SCYNEXIS Reports Second Quarter 2018 Financial Results and Provides Company Update

­­Oral dose regimen of ibrexafungerp (formerly SCY-078) identified for Phase 3 VVC development; Phase 3 on track for initiation in the fourth quarter of 2018

Development of ibrexafungerp intravenous (IV) formulation delayed

Continued progress in our strategy to expand the use of oral ibrexafungerp in multiple indications

Adequate funds to support operations into 2020

JERSEY CITY, N.J., Aug. 9, 2018 /PRNewswire/ -- SCYNEXIS, Inc. (NASDAQ: SCYX), a biotechnology company delivering innovative therapies for difficult-to-treat and often life-threatening infections, today reported financial results for the quarter ended June 30, 2018, and provided an update on recent operational and clinical developments.

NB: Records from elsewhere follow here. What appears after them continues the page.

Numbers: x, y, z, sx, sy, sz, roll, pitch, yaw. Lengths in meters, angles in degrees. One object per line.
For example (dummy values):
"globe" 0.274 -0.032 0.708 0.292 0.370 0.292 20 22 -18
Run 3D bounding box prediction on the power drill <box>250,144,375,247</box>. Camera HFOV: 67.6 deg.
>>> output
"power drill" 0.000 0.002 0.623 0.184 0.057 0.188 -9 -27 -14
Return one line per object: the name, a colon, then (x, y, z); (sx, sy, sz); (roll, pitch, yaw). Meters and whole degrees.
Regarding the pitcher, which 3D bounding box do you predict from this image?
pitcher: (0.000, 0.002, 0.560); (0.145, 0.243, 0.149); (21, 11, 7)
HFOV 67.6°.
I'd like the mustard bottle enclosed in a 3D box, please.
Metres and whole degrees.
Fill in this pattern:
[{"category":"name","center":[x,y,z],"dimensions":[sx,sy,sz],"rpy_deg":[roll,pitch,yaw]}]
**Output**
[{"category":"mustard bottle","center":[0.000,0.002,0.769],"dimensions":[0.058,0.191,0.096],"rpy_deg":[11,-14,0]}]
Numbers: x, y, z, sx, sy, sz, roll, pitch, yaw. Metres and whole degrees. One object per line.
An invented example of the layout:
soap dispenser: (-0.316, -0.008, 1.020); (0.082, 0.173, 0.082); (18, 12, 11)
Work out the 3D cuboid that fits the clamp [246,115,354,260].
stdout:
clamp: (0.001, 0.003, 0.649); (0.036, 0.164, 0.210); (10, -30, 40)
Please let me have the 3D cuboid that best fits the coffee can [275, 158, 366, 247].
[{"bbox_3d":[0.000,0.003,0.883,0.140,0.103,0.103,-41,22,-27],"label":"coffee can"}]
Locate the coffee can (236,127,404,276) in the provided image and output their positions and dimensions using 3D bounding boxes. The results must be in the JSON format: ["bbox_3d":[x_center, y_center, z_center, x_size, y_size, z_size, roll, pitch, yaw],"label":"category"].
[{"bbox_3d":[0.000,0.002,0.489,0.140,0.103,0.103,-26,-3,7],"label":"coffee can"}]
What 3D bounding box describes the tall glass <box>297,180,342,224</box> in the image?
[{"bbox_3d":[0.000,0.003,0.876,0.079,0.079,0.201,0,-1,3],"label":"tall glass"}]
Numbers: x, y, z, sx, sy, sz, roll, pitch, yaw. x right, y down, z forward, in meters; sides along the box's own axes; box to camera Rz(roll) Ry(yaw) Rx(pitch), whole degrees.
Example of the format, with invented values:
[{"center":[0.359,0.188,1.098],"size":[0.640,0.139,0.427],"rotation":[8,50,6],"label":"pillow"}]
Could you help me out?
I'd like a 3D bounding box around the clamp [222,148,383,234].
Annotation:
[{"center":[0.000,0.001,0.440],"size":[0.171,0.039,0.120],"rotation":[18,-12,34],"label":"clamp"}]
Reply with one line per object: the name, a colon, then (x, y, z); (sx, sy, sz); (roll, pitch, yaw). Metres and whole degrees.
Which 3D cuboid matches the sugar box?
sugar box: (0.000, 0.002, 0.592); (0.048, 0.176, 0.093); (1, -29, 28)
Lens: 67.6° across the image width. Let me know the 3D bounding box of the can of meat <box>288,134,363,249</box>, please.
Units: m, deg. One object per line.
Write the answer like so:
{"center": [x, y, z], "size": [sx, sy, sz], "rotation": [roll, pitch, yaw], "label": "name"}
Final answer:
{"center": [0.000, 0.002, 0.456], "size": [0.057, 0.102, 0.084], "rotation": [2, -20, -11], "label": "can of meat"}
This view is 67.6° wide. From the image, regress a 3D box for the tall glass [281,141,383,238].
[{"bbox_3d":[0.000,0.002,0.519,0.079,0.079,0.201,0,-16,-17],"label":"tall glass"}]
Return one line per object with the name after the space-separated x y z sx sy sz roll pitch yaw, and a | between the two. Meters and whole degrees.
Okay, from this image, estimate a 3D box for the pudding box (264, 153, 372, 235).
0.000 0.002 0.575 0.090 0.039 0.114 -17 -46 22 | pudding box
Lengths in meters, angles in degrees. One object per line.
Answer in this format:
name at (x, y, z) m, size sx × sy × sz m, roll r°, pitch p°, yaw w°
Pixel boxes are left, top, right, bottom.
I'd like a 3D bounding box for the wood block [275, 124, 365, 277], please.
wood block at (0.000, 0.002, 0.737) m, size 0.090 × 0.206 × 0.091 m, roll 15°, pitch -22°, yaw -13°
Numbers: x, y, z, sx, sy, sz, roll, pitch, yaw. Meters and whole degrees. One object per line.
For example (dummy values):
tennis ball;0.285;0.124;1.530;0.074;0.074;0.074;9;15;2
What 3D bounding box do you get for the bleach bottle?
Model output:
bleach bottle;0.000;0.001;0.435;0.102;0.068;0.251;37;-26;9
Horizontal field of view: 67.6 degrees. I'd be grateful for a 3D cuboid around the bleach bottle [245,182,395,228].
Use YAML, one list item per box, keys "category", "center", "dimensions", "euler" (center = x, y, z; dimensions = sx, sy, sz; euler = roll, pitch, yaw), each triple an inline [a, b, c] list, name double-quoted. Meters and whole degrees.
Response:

"With the positive results from our Phase 2b DOVE study in vulvovaginal candidiasis (VVC), we achieved a meaningful milestone in our efforts to make ibrexafungerp available to patients in need and to bring to market the first new antifungal class in nearly 20 years," said Marco Taglietti, M.D., President and Chief Executive Officer of SCYNEXIS. "While we continue to face challenges with the development of our IV formulation, we are pleased with the advancement and further de-risking of oral ibrexafungerp, which has the potential to address unmet medical needs in a variety of severe infections and improve the lives of patients."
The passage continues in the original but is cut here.